When the leader sends the new AppendEntries RPC, it will send all the entries at once between that matched term index up to the log entry of the current client request, and the follower would replicate every entry sent by appending or overriding everything from that index onward with the new entries.
The leader maintains a tally of each follower that has appended the requested entry, and writes to the state machine once a majority has successfully replicated the log. This implies also that those followers have updated their commit_index
as far as the leader and that they have the new entry in their logs. The leader can therefore now also commit any previous entries in its log prior to the most recent client operation/entry via the catch_up
process.
Important thing to notice here: the leader does not commit anything in its log to its state machine until a new client request is received and the new log entry is replicated. Up until this point, its commit_index
remains the same as it was when it was newly elected (either 0 or the inherited commit_index
from an older term). This is because until it can coerce a majority of followers to replicate its log, there is a chance that the server will fail, causing potential issues related to overrides of its log entries by a new leader. Successfully appending a new entry to a majority of followers' logs implies that the bulk of nodes in the swarm now has the same log and a failure would lead to one of them taking over as the leader with the same log.

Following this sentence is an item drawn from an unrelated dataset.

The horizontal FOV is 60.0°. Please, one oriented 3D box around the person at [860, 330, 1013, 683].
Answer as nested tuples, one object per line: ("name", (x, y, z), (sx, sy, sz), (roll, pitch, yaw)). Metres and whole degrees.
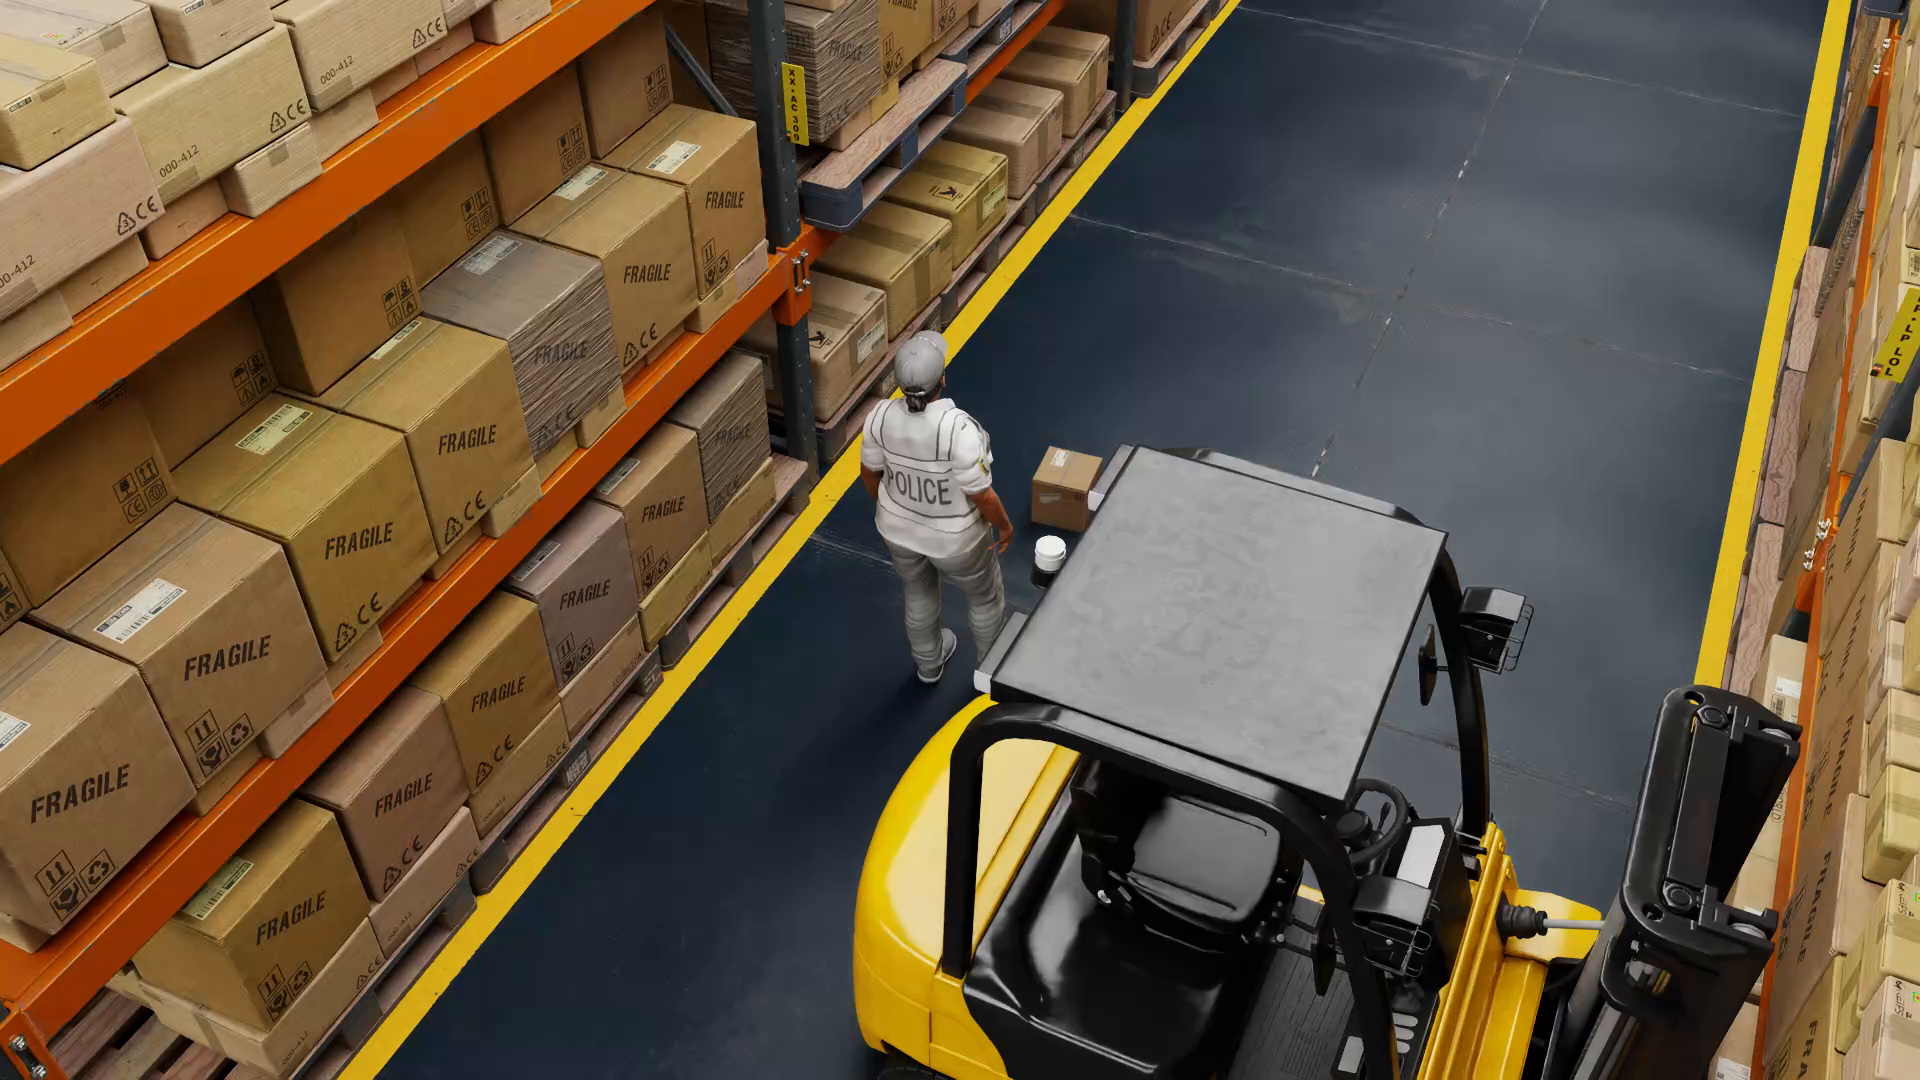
("person", (-0.040, -0.105, 6.258), (0.599, 1.670, 0.529), (17, 45, 18))
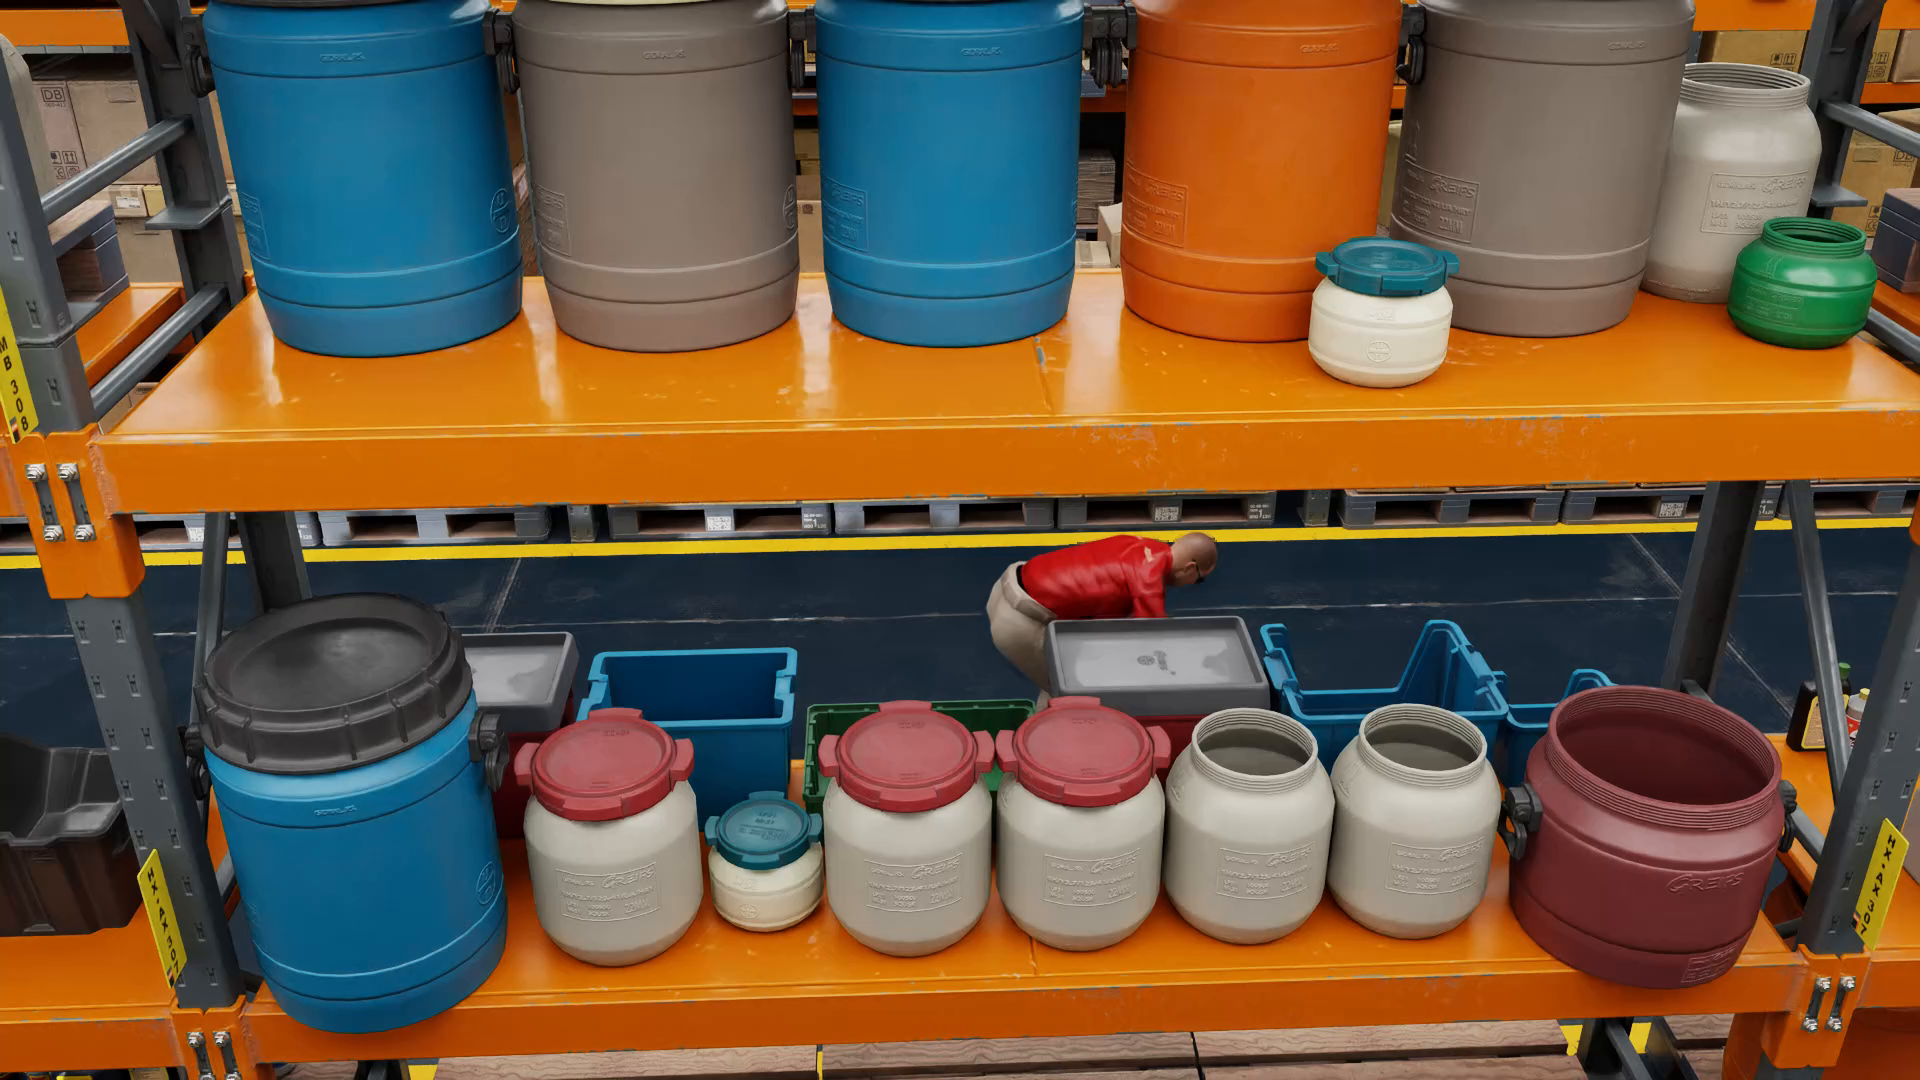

Upon each new heartbeat or response from the leader's commit, the followers can now commit to their logs to their state machines since those who have replicated the leader's log would have the same commit_index
as the leader. Those nodes that were down during the AppendEntries RPC broadcast and recovered later would be guaranteed to not have been in touch with the leader and would therefore have a lower commit_index
. These recovered servers would have to go through the process of catching up its log and incrementing its commit_index
before writing to the state machine, which would by then guarantee that it's in the same state as the leader.